▶ [The problem]
From the data below, repeat exactly the lines from the line with "1) box (366, 165, 480, 281)" to the line with "17) mug (396, 0, 412, 12)", both included.

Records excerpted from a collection
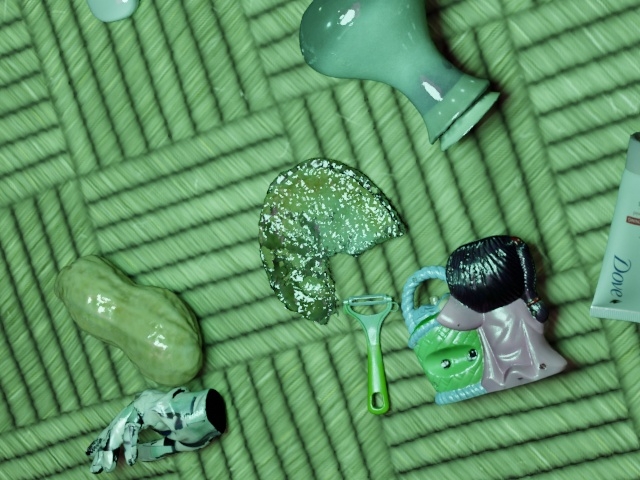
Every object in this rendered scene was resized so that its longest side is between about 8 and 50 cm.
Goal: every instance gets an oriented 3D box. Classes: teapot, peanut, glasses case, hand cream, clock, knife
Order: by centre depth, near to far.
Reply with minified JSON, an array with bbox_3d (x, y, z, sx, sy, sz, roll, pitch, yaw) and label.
[{"bbox_3d":[0.408,-0.009,1.458,0.133,0.083,0.248,6,109,20],"label":"hand cream"},{"bbox_3d":[0.102,-0.234,1.482,0.251,0.183,0.183,44,109,-5],"label":"teapot"},{"bbox_3d":[0.202,0.101,1.527,0.194,0.100,0.195,-17,91,22],"label":"clock"},{"bbox_3d":[0.076,0.156,1.617,0.078,0.022,0.166,-4,96,16],"label":"knife"},{"bbox_3d":[-0.305,-0.404,1.646,0.076,0.049,0.197,-11,95,19],"label":"glasses case"},{"bbox_3d":[-0.268,0.106,1.682,0.256,0.123,0.123,36,108,15],"label":"peanut"}]

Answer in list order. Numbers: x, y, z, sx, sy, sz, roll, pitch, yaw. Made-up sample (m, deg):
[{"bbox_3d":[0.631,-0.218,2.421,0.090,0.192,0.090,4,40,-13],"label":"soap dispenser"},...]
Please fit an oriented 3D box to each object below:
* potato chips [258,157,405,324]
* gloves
[{"bbox_3d":[0.001,-0.001,1.620,0.202,0.029,0.220,28,103,13],"label":"potato chips"},{"bbox_3d":[-0.246,0.269,1.698,0.212,0.127,0.111,-10,86,16],"label":"gloves"}]
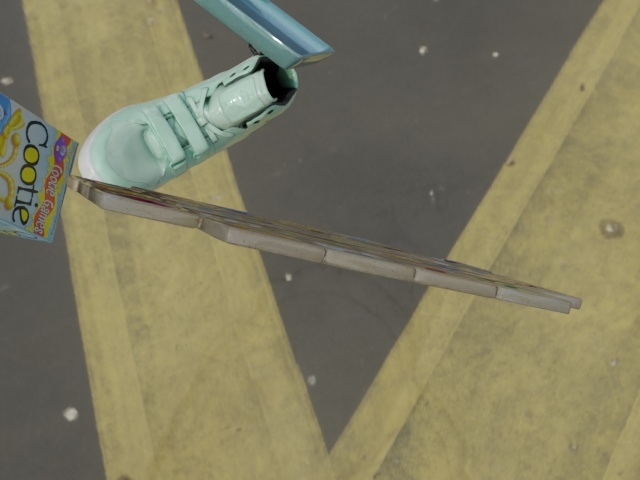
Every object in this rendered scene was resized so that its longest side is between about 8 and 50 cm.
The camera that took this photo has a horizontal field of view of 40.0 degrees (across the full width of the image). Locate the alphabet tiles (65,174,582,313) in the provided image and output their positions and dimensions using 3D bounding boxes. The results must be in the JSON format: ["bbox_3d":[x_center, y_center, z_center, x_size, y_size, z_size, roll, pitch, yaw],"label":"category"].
[{"bbox_3d":[0.000,0.000,0.629,0.343,0.285,0.011,12,93,-23],"label":"alphabet tiles"}]

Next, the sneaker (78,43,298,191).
[{"bbox_3d":[-0.132,-0.133,0.932,0.256,0.151,0.094,-37,100,-43],"label":"sneaker"}]

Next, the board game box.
[{"bbox_3d":[-0.435,-0.107,1.041,0.144,0.275,0.142,8,77,19],"label":"board game box"}]

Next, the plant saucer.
[{"bbox_3d":[-0.078,-0.174,0.580,0.192,0.018,0.067,39,24,7],"label":"plant saucer"}]
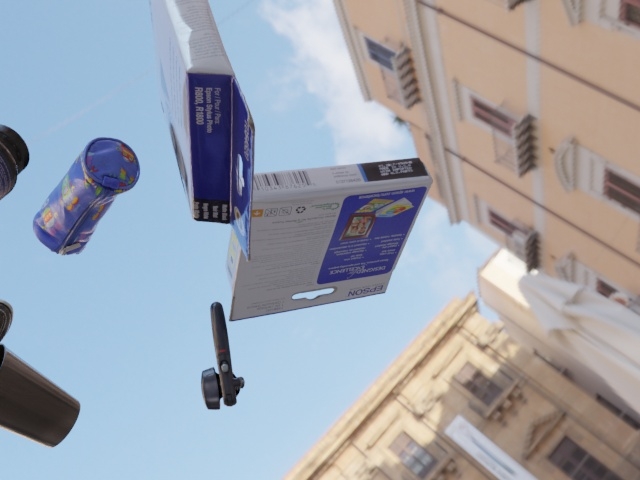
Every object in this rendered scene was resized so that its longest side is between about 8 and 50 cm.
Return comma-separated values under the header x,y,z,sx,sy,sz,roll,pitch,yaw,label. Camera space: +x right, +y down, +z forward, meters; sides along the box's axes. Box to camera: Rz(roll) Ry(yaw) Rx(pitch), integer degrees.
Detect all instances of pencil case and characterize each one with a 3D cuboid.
x,y,z,sx,sy,sz,roll,pitch,yaw,label
-0.478,-0.079,1.645,0.119,0.133,0.306,12,-36,-35,pencil case

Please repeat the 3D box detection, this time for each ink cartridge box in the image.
x,y,z,sx,sy,sz,roll,pitch,yaw,label
-0.115,-0.121,0.765,0.045,0.224,0.223,-14,-30,-15,ink cartridge box
0.000,0.000,1.341,0.303,0.072,0.307,-8,-34,-21,ink cartridge box

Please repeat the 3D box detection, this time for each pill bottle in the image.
x,y,z,sx,sy,sz,roll,pitch,yaw,label
-0.569,-0.100,1.309,0.219,0.122,0.123,-62,-14,-53,pill bottle

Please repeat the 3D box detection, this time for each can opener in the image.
x,y,z,sx,sy,sz,roll,pitch,yaw,label
-0.171,0.198,1.410,0.073,0.186,0.059,-2,-12,-16,can opener

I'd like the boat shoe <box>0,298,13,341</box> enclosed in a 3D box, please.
x,y,z,sx,sy,sz,roll,pitch,yaw,label
-0.734,0.218,1.747,0.081,0.069,0.228,34,-65,-19,boat shoe

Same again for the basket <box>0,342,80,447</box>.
x,y,z,sx,sy,sz,roll,pitch,yaw,label
-0.685,0.371,1.884,0.154,0.204,0.227,-44,-60,9,basket
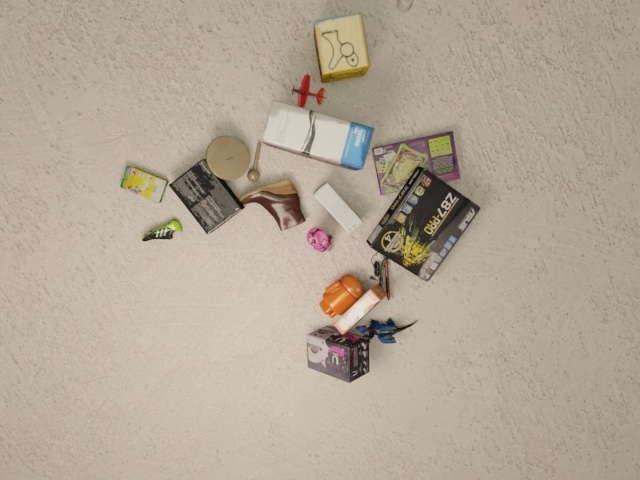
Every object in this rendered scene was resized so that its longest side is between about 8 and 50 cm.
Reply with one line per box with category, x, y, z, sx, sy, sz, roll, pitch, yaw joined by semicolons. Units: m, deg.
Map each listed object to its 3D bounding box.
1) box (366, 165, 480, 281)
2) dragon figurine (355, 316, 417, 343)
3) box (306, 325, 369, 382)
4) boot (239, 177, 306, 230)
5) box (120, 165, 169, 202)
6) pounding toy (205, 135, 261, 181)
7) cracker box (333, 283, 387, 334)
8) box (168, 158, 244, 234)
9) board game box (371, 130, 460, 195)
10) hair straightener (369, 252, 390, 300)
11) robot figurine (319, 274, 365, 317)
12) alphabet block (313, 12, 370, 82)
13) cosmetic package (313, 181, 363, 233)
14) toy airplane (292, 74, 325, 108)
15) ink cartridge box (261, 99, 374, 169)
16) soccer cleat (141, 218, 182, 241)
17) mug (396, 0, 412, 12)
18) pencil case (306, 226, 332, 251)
box;0.434;-0.065;1.905;0.318;0.097;0.395;31;100;-17
dragon figurine;0.292;0.402;1.977;0.289;0.144;0.085;2;99;-1
box;0.072;0.483;1.924;0.247;0.142;0.163;6;103;42
boot;-0.203;-0.135;1.910;0.248;0.090;0.207;-19;97;-2
box;-0.753;-0.241;1.911;0.179;0.043;0.105;22;98;-7
pounding toy;-0.378;-0.335;1.885;0.237;0.110;0.183;3;88;-31
cracker box;0.174;0.295;1.928;0.067;0.155;0.232;47;107;12
box;-0.476;-0.186;1.893;0.184;0.103;0.261;-35;97;8
board game box;0.408;-0.329;1.913;0.346;0.056;0.208;-11;95;1
hair straightener;0.261;0.156;1.986;0.089;0.047;0.230;-3;99;-1
robot figurine;0.097;0.238;1.955;0.219;0.128;0.158;-43;96;5
alphabet block;0.080;-0.752;1.766;0.192;0.193;0.197;-9;99;2
cosmetic package;0.074;-0.140;1.903;0.085;0.117;0.231;-41;99;5
toy airplane;-0.047;-0.611;1.869;0.151;0.028;0.151;0;101;0
ink cartridge box;-0.013;-0.406;1.772;0.395;0.285;0.166;15;97;-4
soccer cleat;-0.685;-0.027;1.937;0.179;0.060;0.072;-26;100;0
mug;0.340;-0.969;1.800;0.062;0.064;0.078;-11;99;2
pencil case;0.000;0.000;1.876;0.095;0.209;0.098;-44;81;2
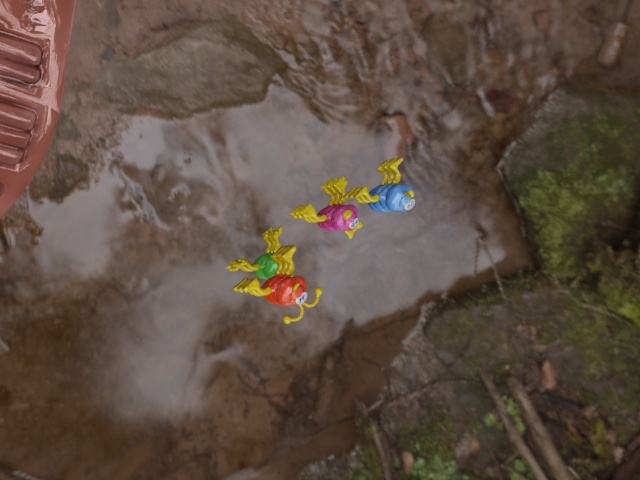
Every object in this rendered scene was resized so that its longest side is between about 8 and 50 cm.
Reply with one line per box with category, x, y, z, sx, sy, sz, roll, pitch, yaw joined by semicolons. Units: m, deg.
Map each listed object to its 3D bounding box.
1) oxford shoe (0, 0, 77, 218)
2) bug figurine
oxford shoe;-0.187;-0.126;0.419;0.140;0.146;0.397;22;113;-37
bug figurine;0.000;0.000;1.175;0.279;0.216;0.072;-40;108;-17
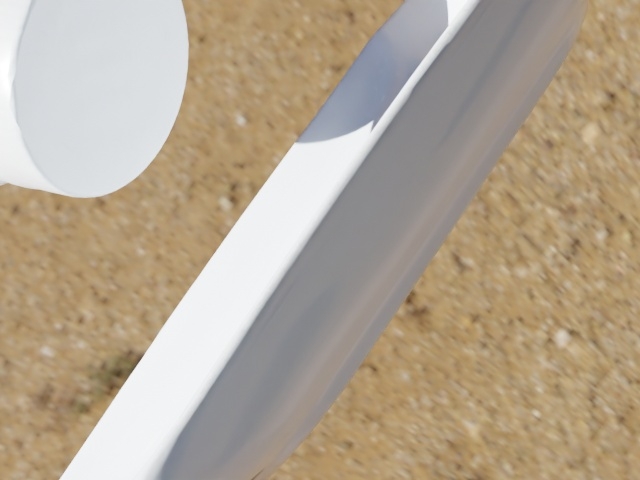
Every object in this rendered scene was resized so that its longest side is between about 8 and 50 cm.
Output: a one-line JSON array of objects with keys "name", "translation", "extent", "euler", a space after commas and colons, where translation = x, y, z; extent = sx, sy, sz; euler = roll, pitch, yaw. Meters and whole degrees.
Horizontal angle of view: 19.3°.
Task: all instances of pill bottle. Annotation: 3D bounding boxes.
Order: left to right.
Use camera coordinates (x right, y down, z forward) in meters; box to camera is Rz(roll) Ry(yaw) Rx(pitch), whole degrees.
[{"name": "pill bottle", "translation": [-0.170, -0.086, 0.768], "extent": [0.221, 0.121, 0.121], "euler": [13, 78, 34]}]

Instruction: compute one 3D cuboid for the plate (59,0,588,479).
[{"name": "plate", "translation": [0.000, 0.000, 0.684], "extent": [0.045, 0.278, 0.277], "euler": [36, 73, -6]}]
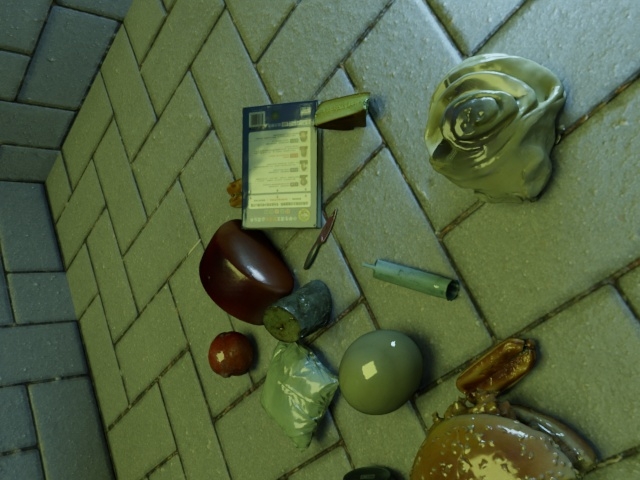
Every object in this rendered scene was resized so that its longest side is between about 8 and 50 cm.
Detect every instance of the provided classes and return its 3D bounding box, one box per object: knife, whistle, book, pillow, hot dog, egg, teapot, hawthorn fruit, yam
[{"bbox_3d":[0.000,0.000,1.990,0.035,0.018,0.247,49,122,38],"label":"knife"},{"bbox_3d":[0.244,0.104,1.700,0.312,0.062,0.062,15,100,45],"label":"whistle"},{"bbox_3d":[-0.135,-0.250,2.048,0.300,0.039,0.427,1,90,25],"label":"book"},{"bbox_3d":[-0.076,0.499,1.980,0.283,0.138,0.309,34,111,41],"label":"pillow"},{"bbox_3d":[0.434,0.320,1.491,0.100,0.068,0.249,47,130,9],"label":"hot dog"},{"bbox_3d":[0.164,0.361,1.669,0.269,0.219,0.219,-54,53,25],"label":"egg"},{"bbox_3d":[0.164,0.778,1.724,0.203,0.171,0.225,-8,90,16],"label":"teapot"},{"bbox_3d":[-0.333,0.418,2.235,0.173,0.173,0.172,0,89,47],"label":"hawthorn fruit"},{"bbox_3d":[-0.267,-0.180,2.218,0.270,0.072,0.109,-9,93,54],"label":"hot dog"},{"bbox_3d":[-0.060,0.230,1.918,0.154,0.254,0.153,8,107,27],"label":"yam"}]

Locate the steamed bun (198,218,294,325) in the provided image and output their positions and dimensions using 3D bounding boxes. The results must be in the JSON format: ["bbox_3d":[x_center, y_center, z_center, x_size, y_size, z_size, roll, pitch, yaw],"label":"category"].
[{"bbox_3d":[-0.278,0.107,2.117,0.379,0.248,0.235,55,126,33],"label":"steamed bun"}]

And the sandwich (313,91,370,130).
[{"bbox_3d":[0.086,-0.394,1.858,0.244,0.088,0.090,-1,80,50],"label":"sandwich"}]

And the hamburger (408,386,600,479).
[{"bbox_3d":[0.370,0.509,1.422,0.445,0.268,0.286,-47,55,37],"label":"hamburger"}]

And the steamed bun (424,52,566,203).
[{"bbox_3d":[0.388,-0.269,1.422,0.346,0.238,0.393,-42,60,37],"label":"steamed bun"}]
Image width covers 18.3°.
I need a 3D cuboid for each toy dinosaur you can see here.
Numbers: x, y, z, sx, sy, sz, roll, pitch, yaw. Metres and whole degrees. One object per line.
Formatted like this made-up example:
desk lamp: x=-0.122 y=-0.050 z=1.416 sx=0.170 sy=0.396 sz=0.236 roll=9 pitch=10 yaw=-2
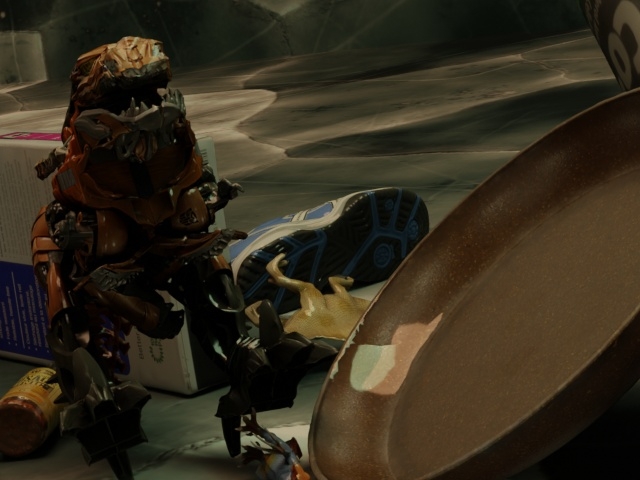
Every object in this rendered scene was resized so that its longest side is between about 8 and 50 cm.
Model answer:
toy dinosaur: x=-0.108 y=0.018 z=1.216 sx=0.164 sy=0.218 sz=0.322 roll=-26 pitch=-28 yaw=-5
toy dinosaur: x=-0.018 y=0.128 z=1.146 sx=0.090 sy=0.047 sz=0.082 roll=-5 pitch=25 yaw=-40
toy dinosaur: x=-0.007 y=0.054 z=1.412 sx=0.092 sy=0.053 sz=0.183 roll=31 pitch=32 yaw=33

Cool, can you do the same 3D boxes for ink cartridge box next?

▶ [Exercise result]
1) box (366, 165, 480, 281)
2) dragon figurine (355, 316, 417, 343)
3) box (306, 325, 369, 382)
4) boot (239, 177, 306, 230)
5) box (120, 165, 169, 202)
6) pounding toy (205, 135, 261, 181)
7) cracker box (333, 283, 387, 334)
8) box (168, 158, 244, 234)
9) board game box (371, 130, 460, 195)
10) hair straightener (369, 252, 390, 300)
11) robot figurine (319, 274, 365, 317)
12) alphabet block (313, 12, 370, 82)
13) cosmetic package (313, 181, 363, 233)
14) toy airplane (292, 74, 325, 108)
15) ink cartridge box (261, 99, 374, 169)
16) soccer cleat (141, 218, 182, 241)
17) mug (396, 0, 412, 12)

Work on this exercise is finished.